Похоже, оказавшись вместе под одной крышей, влюбленные начисто забыли обо всем. И как раз считали, что важней их чувств друг к другу на свете просто быть в данный момент ничего не может. Но Леся не могла позволить, чтобы эмоции ее подруги окончательно застлали бы той мозги.
– У нас есть два вопроса, – внушительно произнесла она. – Первый, где и как нам искать тетю Зину? И второй, кто и за что убил Марину?
При имени «Марина» Апогей дернулся. Но слабо, очень слабо. Новое чувство начисто вытеснило из его сердца образ легкомысленной кокетки, долгое время использовавшей его любовь в своих корыстных целях.
– По первому вопросу у меня есть кое-какие соображения, – сказал Иван Алексеевич.
– Говорите!
– Дело в том, что Зинаида Митрофановна жаловалась мне на свою племянницу, внезапно словно снег на голову свалившуюся на нее из Воронежа.
– И что?
– Девушка – это дочь ее покойной сестры. Незамужняя. И, по словам Зинаиды Митрофановны, весьма глупая и ограниченная особа.

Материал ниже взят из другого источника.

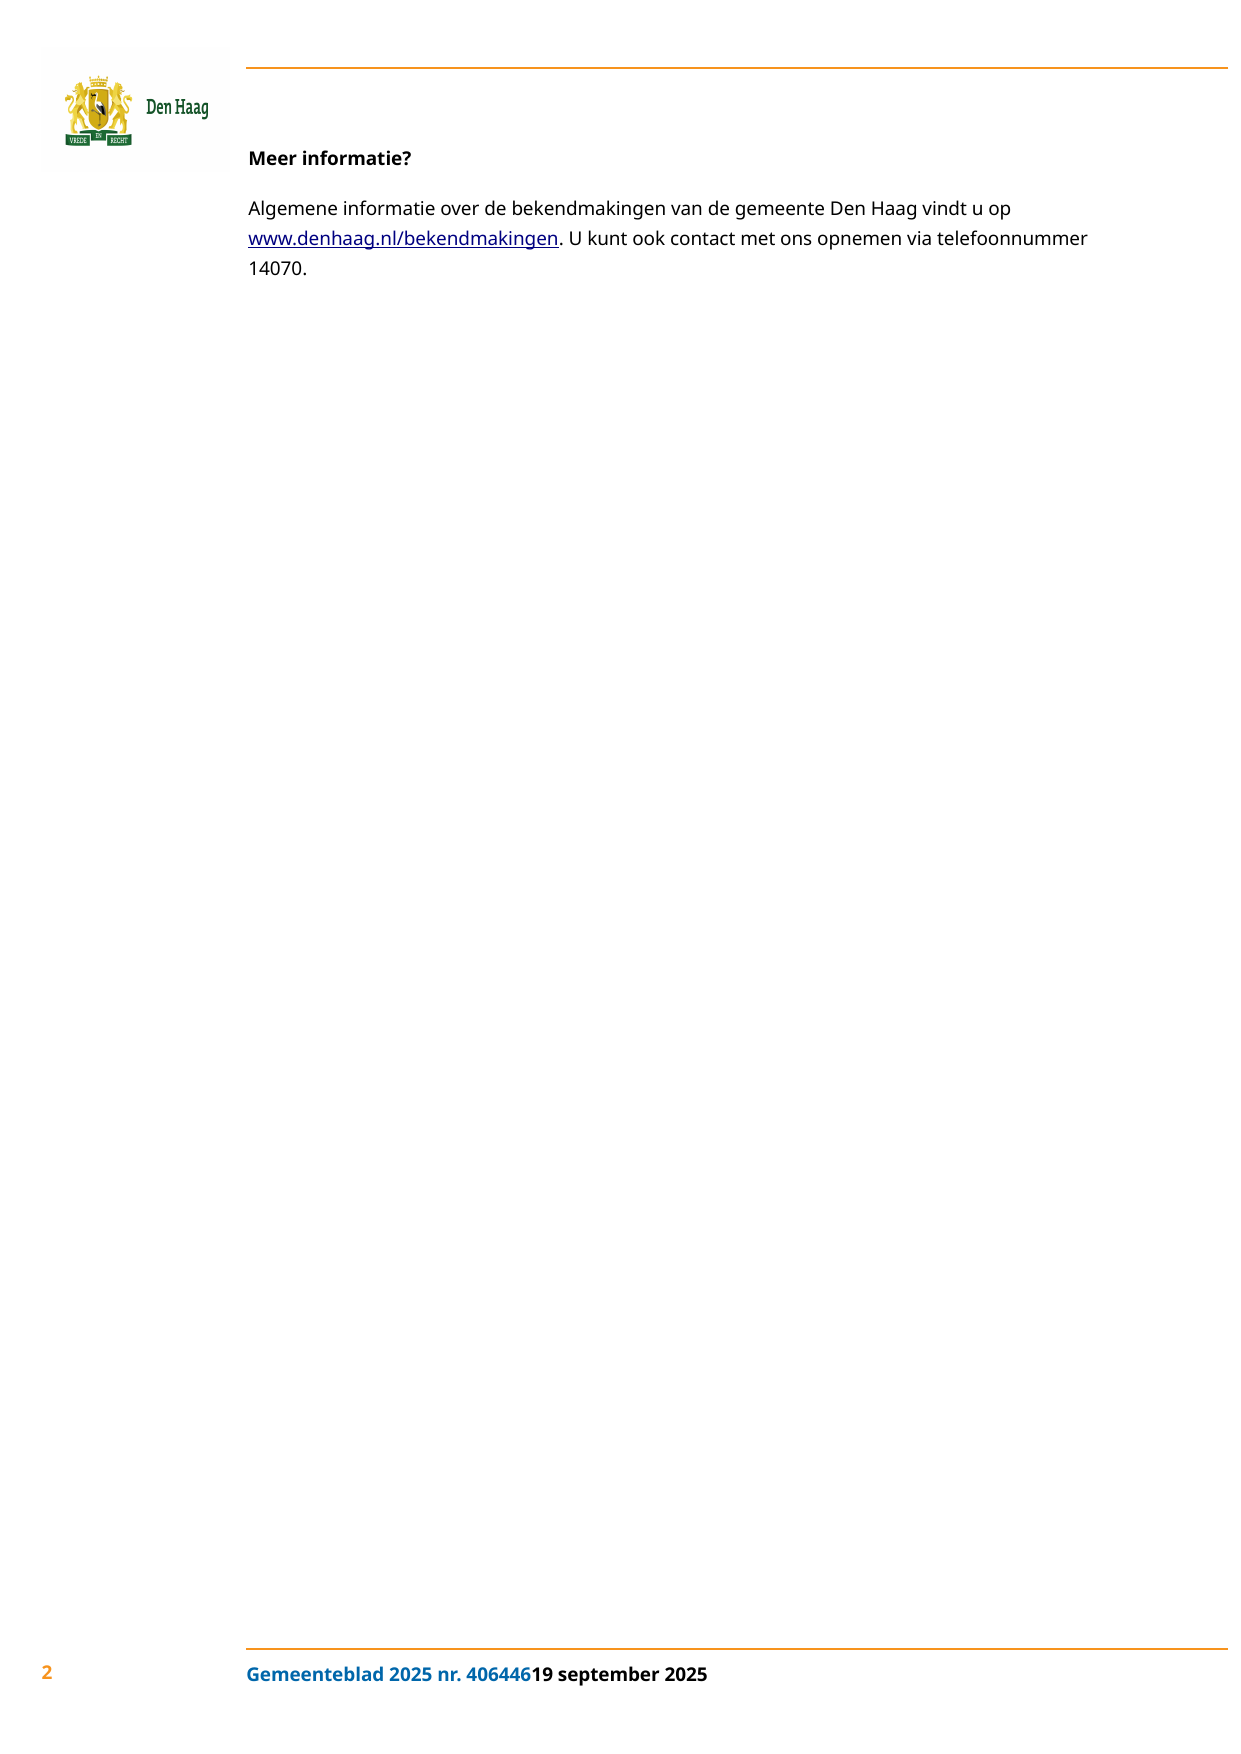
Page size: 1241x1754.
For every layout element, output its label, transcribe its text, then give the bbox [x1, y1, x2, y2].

text Algemene informatie over de bekendmakingen van de gemeente Den Haag vindt u op www.denhaag.nl/bekendmakingen. U kunt ook contact met ons opnemen via telefoonnummer 14070. [248, 196, 1152, 281]
text Meer informatie? [248, 145, 1152, 171]
picture [41, 47, 231, 172]
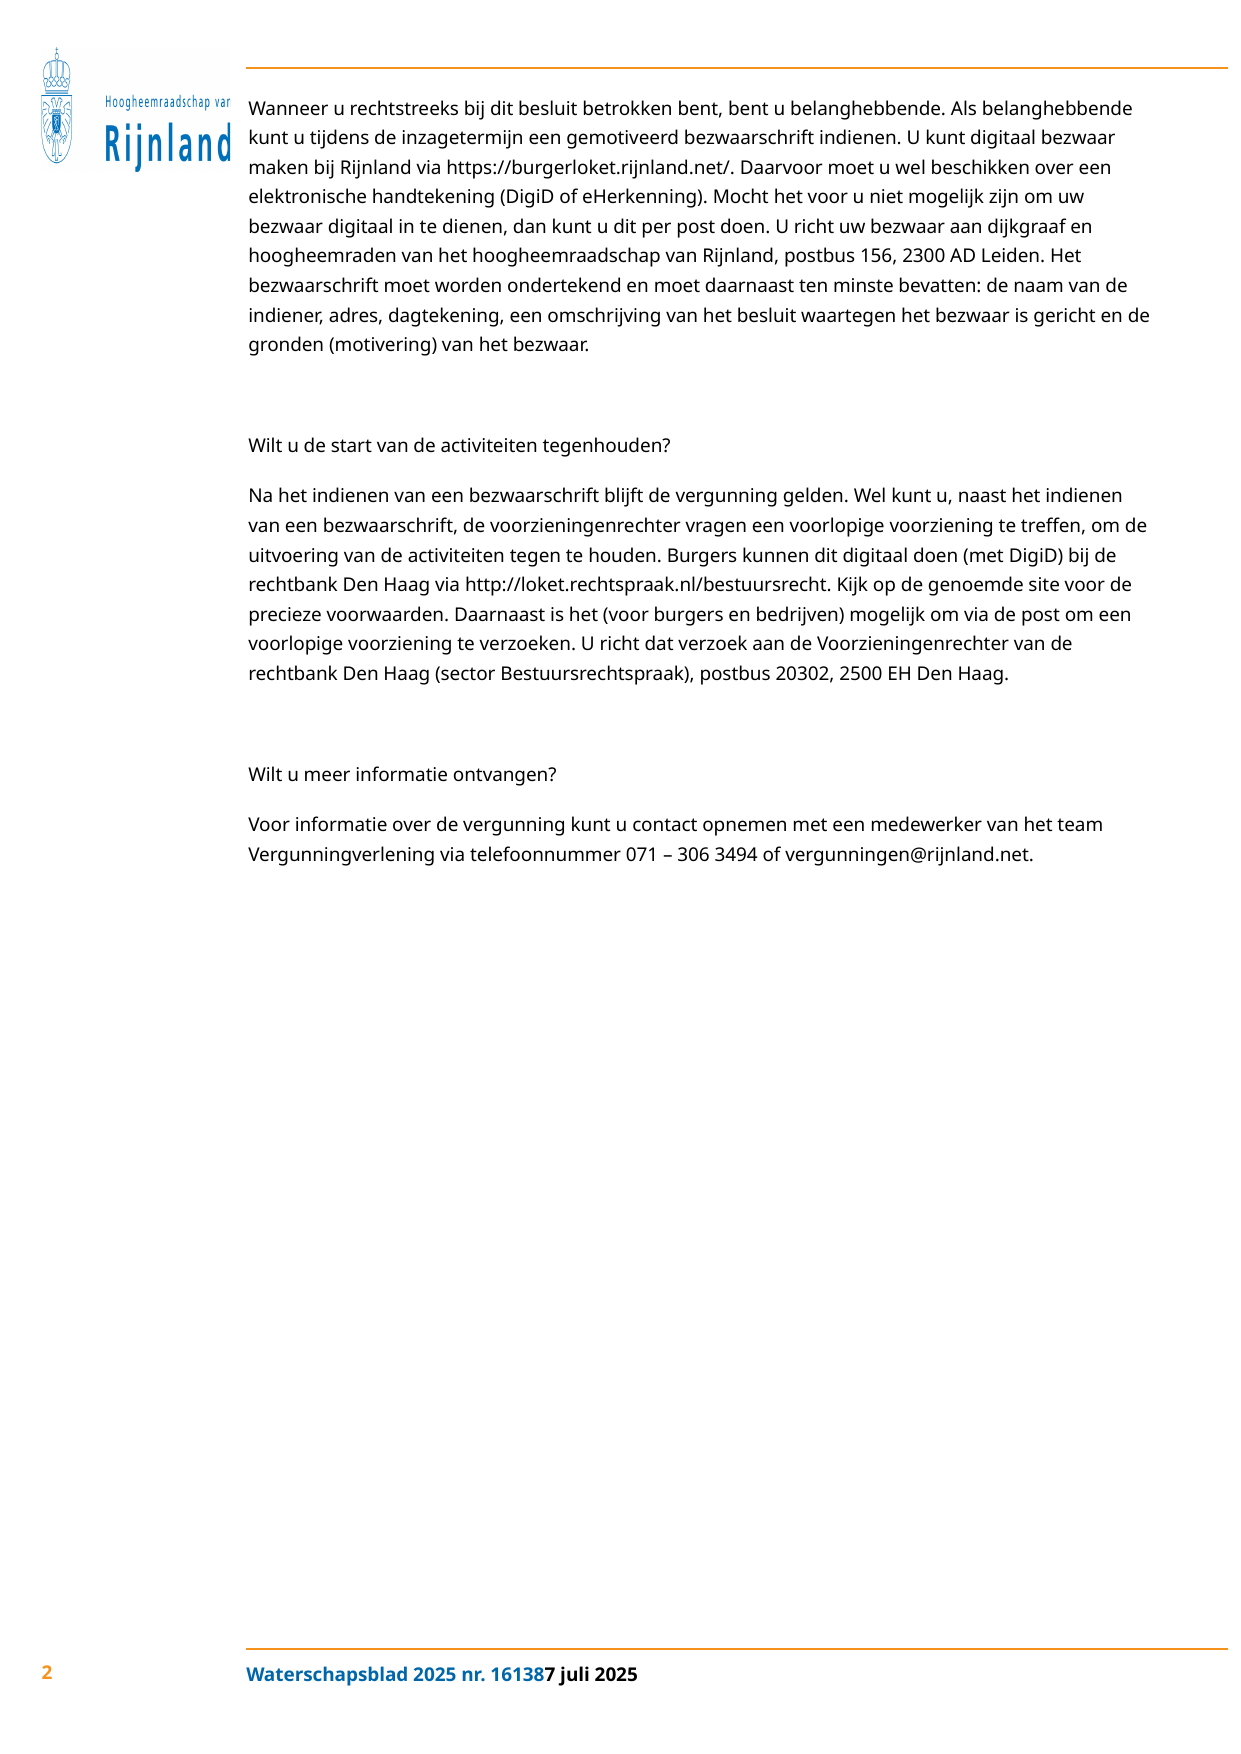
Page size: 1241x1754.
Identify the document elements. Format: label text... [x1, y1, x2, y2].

Знал доктор и другие подробности. По словам Зинаиды Митрофановны, тетя и племянница никогда не были близки. И потому визит племянницы оказался для Зинаиды Митрофановны полной неожиданностью. Даже когда была жива ее родная сестра, Зинаида избегала частых контактов с племянницей. Ей казалось, что девочка растет не такой, какой бы следовало. Впрочем, своими собственными детьми Зинаида Митрофановна обзавестись не успела и потому держала рот на замке, не рискуя давать сестре советы по воспитанию единственной дочери.
Сестра воспитывала дочку одна. Родила, как говорится, для себя. И потому ничего для ребенка не жалела. Девочка росла избалованной и капризной. А если добавить к этому еще некоторую природную туповатость и жуткий эгоизм, картина ее характера получалась и вовсе печальной. Но вмешиваться Зинаида Митрофановна зареклась, помня отпор, который дала ей сестра, когда один-единственный раз она отважилась вмешаться.
– Моя дочь, как хочу, так и ращу кровиночку! А ты пустоцветом жизнь прожила, так теперь и не суйся!